Back in San Francisco, with my nose deep in Slaves of New York, I dreamed of the life Janowitz depicted: making jewelry, loft living with an artist boyfriend, wearing a neon-green and orange coat, living a quirky creative life informed by the history of Andy Warhol and the Velvet Underground.
In my final year of high school, San Francisco felt provincial to me. Dad was plugged into the vibrant “Queercore” community, playing elder statesman at Klubstitute, Club Chaos, and Uranus, underground scenes he’d later describe in his Pynchonesque novel The Lizard Club. But I powerfully longed for my own life, apart from Dad and relieved of my past. I knew I wouldn’t find it in S
an Francisco. I couldn’t walk down Haight Street without running into a classmate, ex-coworker, ex-fling, or someone I knew through Dad. I felt an itch to grow and stretch, to walk unfamiliar streets in the great throbbing heart of bohemia, which I then believed to be New York City. Thanks to my “big sister,” Dede Donovan, I got there.
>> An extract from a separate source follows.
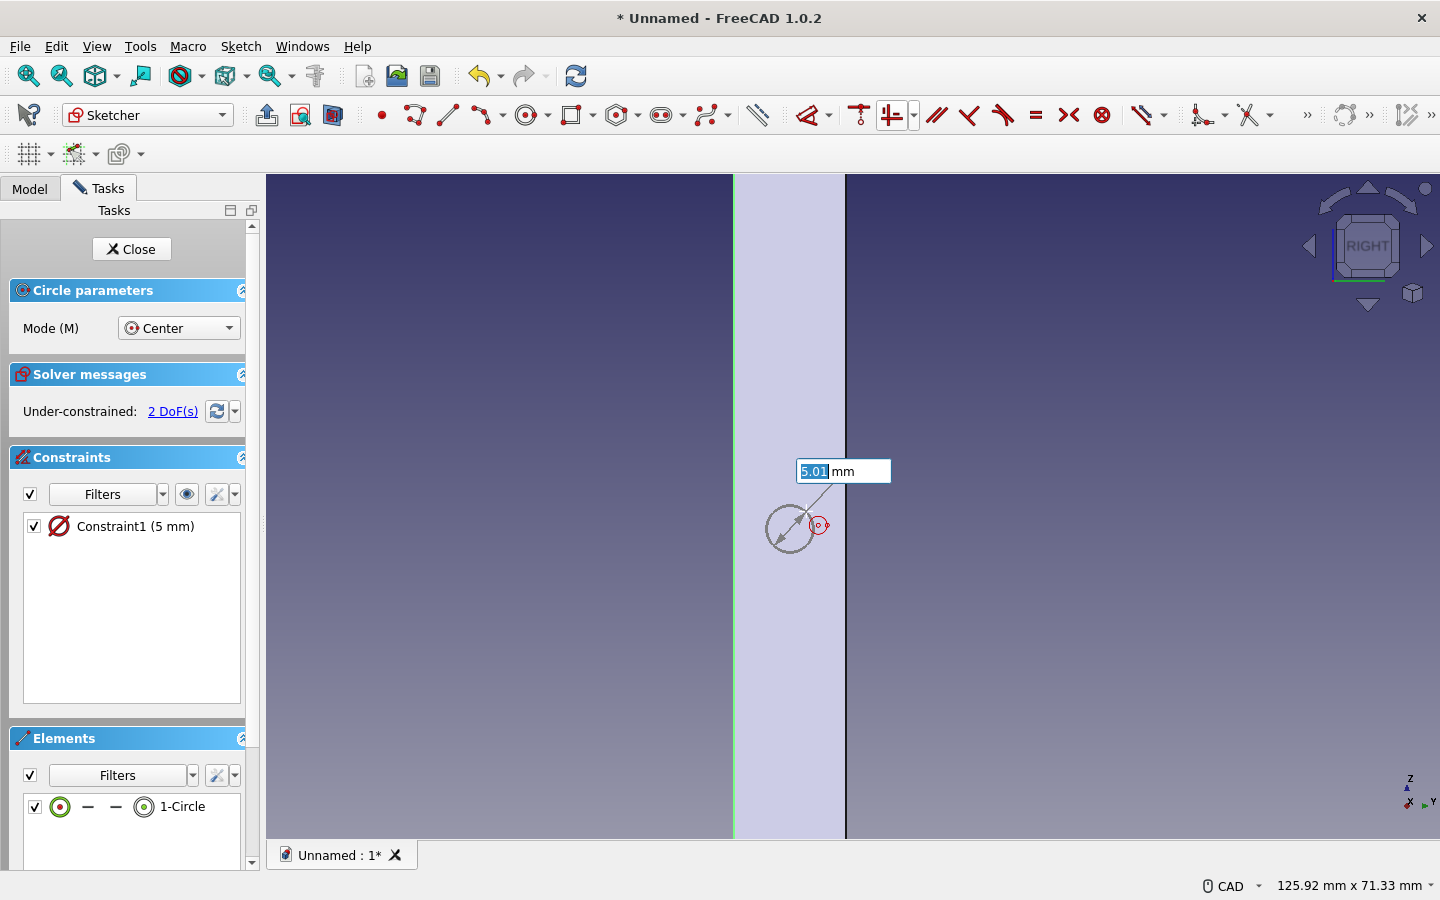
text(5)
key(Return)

My father was pretty hands-off when it came to my school plans. He had a vague idea that I should attend college but was too busy with his own work to focus on the efforts needed to make that happen. Once Dede emerged as someone who would help me, he simply stood aside and let her do it. She wrote to several schools requesting applications. She tirelessly worked on these applications with me, redrafting essay after essay over pots of peppermint tea at For Heaven’s Cake. She secured recommendations for me from lawyer friends I’d met at her Christmas brunches. When I was accepted by New York University, I was thrilled. I didn’t consider going anywhere else. Dede even secured me a summer job working as a nanny for a pair of her college friends who lived in the city.
Dad was happy for me too, though sad that I’d be moving so far away.
BEFORE I LEFT San Francisco, we took a sauna together. I remember both of us naked except for thin white towels wrapped around my chest and his waist. We chatted a little, but it was too hot to chat more so we decided to play cards instead. Gin rummy was our game.